『■■□■■』
- ナノ -



? およばぬ無明の房室で


今回の実験は、形を変えられるか。である。
そう、大きさを変えるだけではなく、そもそも形を変えるのだ。
私の中に空間をつくるなども出来たのだから、もしかしたら理想の形を作れるかもしれない。
というわけで、実践なのだが、このまま形を変えてしまうと中の彼が押し潰されてしまうので、手のように触手を伸ばしてその先だけを変えてみようと思う。

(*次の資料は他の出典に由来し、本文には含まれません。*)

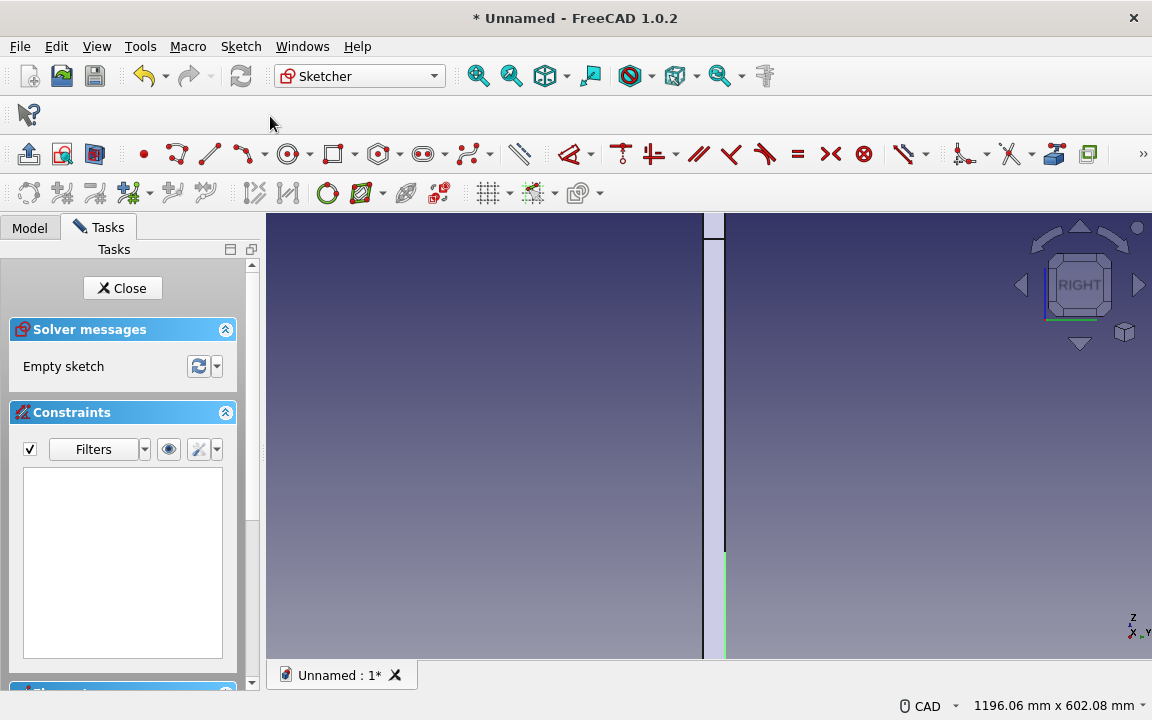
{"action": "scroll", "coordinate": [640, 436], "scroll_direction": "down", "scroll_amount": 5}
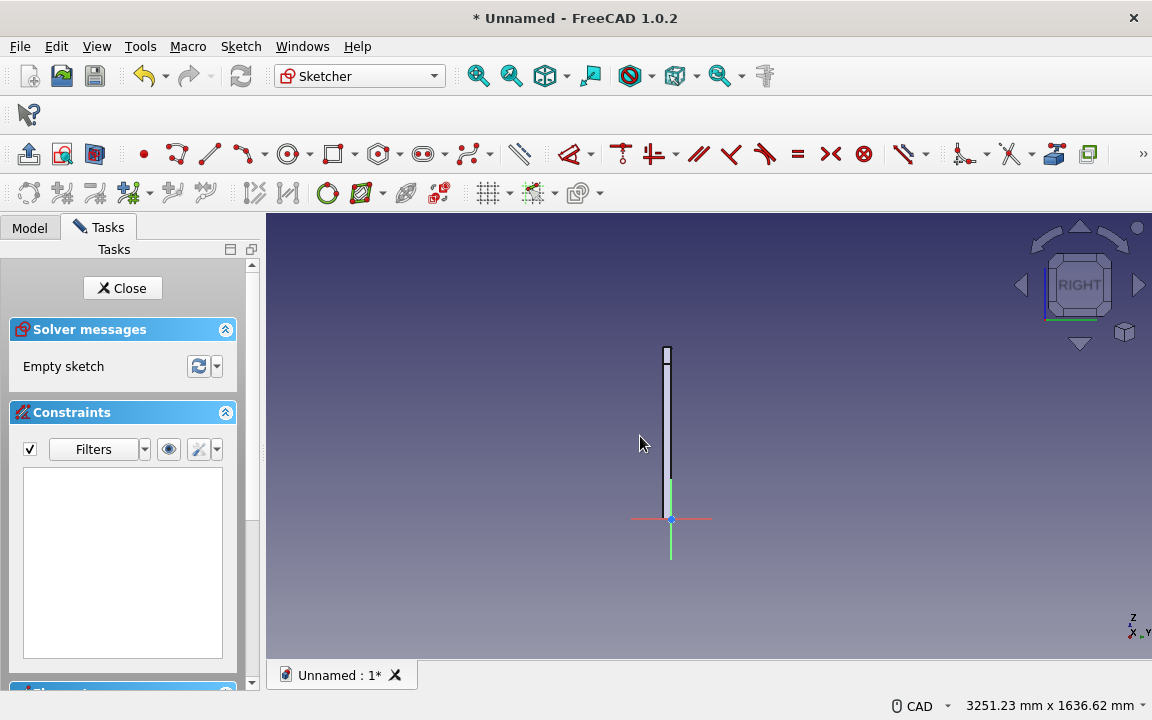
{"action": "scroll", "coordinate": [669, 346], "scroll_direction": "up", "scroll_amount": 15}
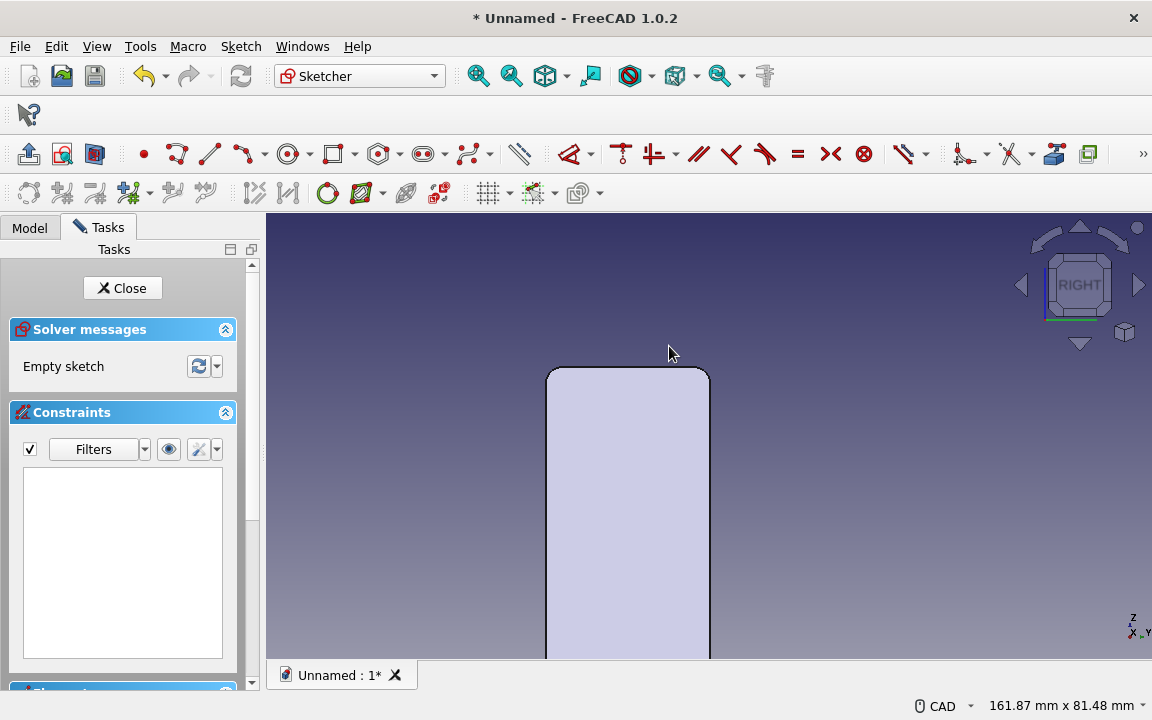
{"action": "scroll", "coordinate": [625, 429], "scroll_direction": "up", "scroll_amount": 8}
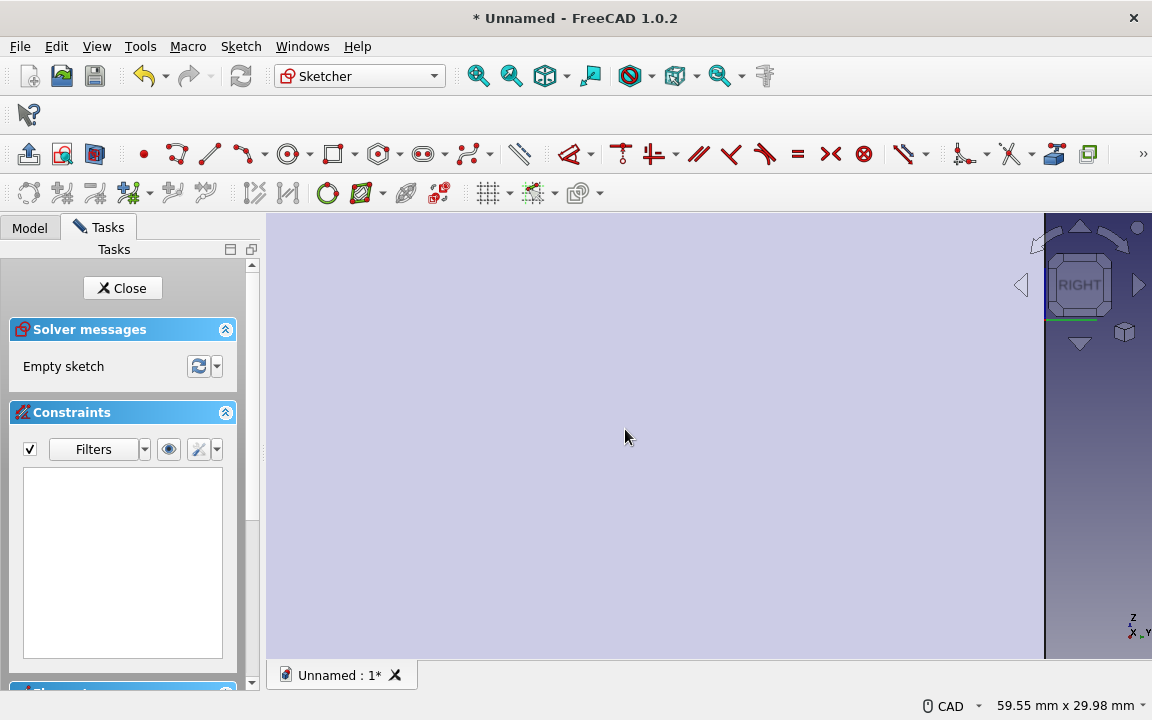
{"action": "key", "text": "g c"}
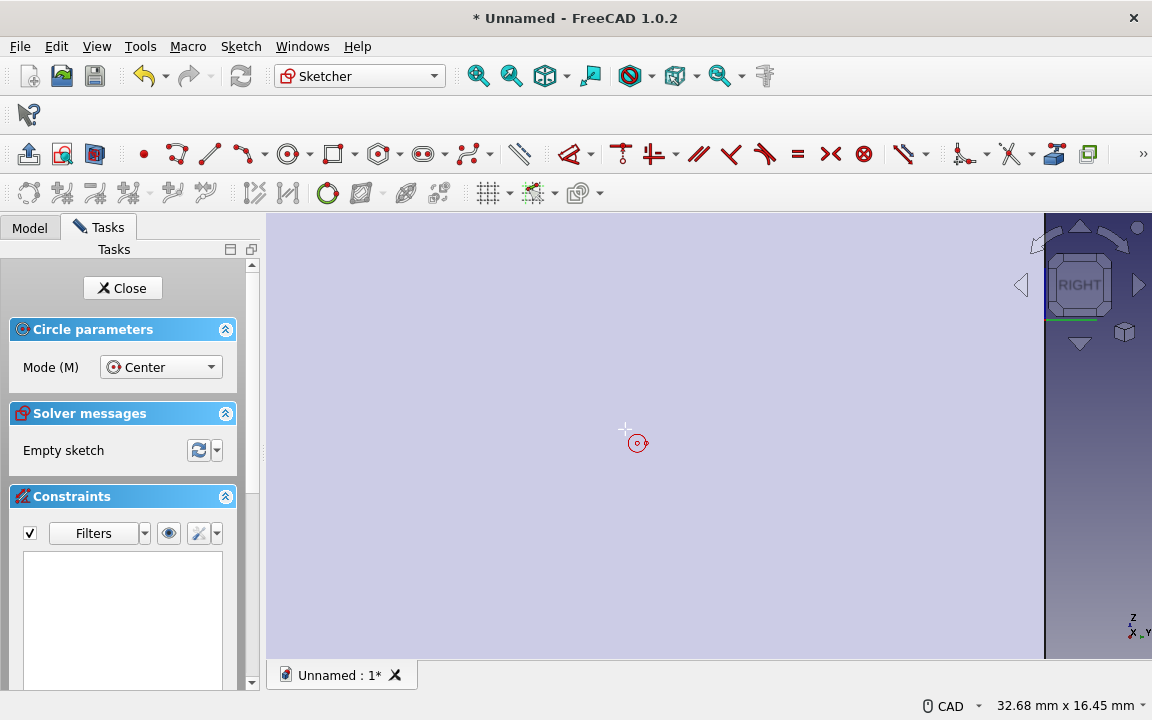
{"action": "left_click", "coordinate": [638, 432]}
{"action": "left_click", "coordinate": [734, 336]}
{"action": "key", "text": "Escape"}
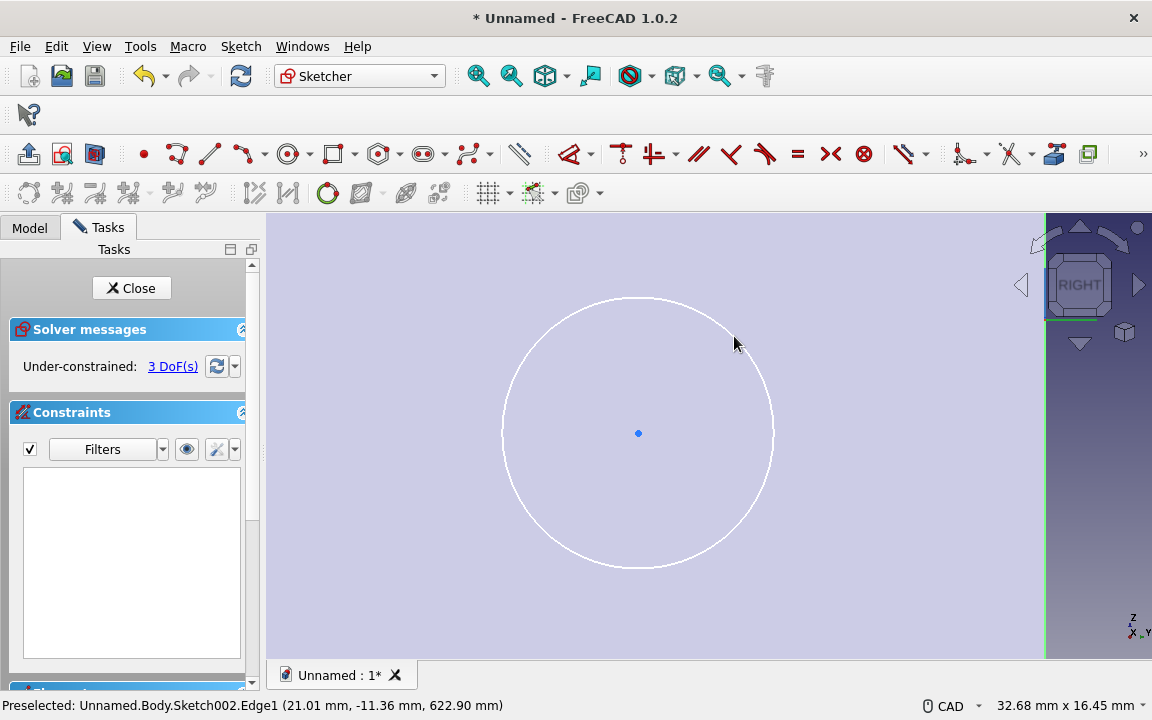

しかしどうやろうか。イメージしながら力でも入れてみようか。
イメージは、人の手。成功したらかなりキモイことになるが、これで成功すれば触手を人間の形にして人間の声を出すこともできるかもしれない。

よし、では……それ!


――出来たのは貝のような、その貝に虫の足を何十本も付け足したような、なんか見た瞬間に発狂しそうな凄まじい物体だった。しかも、それ、動かそうとすれば動くのである。


やめよう。
私は諦めた。


私が諦めてから一週間。そこからは一日(と思われる)時間の中で彼と一言二言だけだが交流する日々となった。
彼は私の言葉を聞きすぎると頭痛を起こすらしい。
なんというか、申し訳ないけど改善できないんだ。だって手を造ろうと思ったら虫というものを冒涜しているかのような悍ましい昆虫が出来るのだ。努力する気もうせる。
そもそもが気持ち悪いからこんなものしかできないんですかねー。不貞腐れそう。

でも彼との会話はとてもとても楽しい物だった。
彼はとても警戒していて、私はなんだとかここはどこだとかしか最初は口にしなかった。
でも私は私の事が分からないし(一応神だとは言ってみたけど)、ここが何処かもよく分かっていない(異界だとは言ってみたけど)。彼は難しい顔をしながら頭を抱えていた。
それでも何か聞かれたり、喋ったことに対して返答が来るのはやはり嬉しい。
一週間もすれば私が危害を加えようとしていないことを察したのか、彼は警戒しつつも敵意は沈めるようになった。

「お前は、どうして僕を助けようとしたんだ」
『ひ、と』
「人?」
『ひと、だった、から』
「……意味が分からない。お前は“神”だと言ってたじゃないか。そんな存在が矮小な人間を助けるなんてことをするのか? どういうつもりなんだ」

どういうつもりって聞かれても……。
ただ、人間がいて、死んで欲しくなかったから助けただけだ。深い意味なんてない。
人が倒れていたら心配するし、どうにかしたいと思うだろう。それだけだ。
でも、敢えていうなら。

『ひま』
「……暇だって?」
『ひま、だった』

まぁ、人間余裕がないと中々人を助けようとは思えないだろうし。理由が欲しいのだというのなら、これで十分だろう。彼は頭を抱えて(私と話すと彼は大概頭を抱える)それから「もう何も話すな」と突き放す様にいった。たぶん、声が頭に響いたとかそういうのじゃなくて、気分的に私の喋る内容を聞きたくないのだろう。
仕方あるまい。生贄として放り込まれて治療されて、そりゃあ混乱もするだろう。
私はひっそりと視点を外に移してぼけっとした。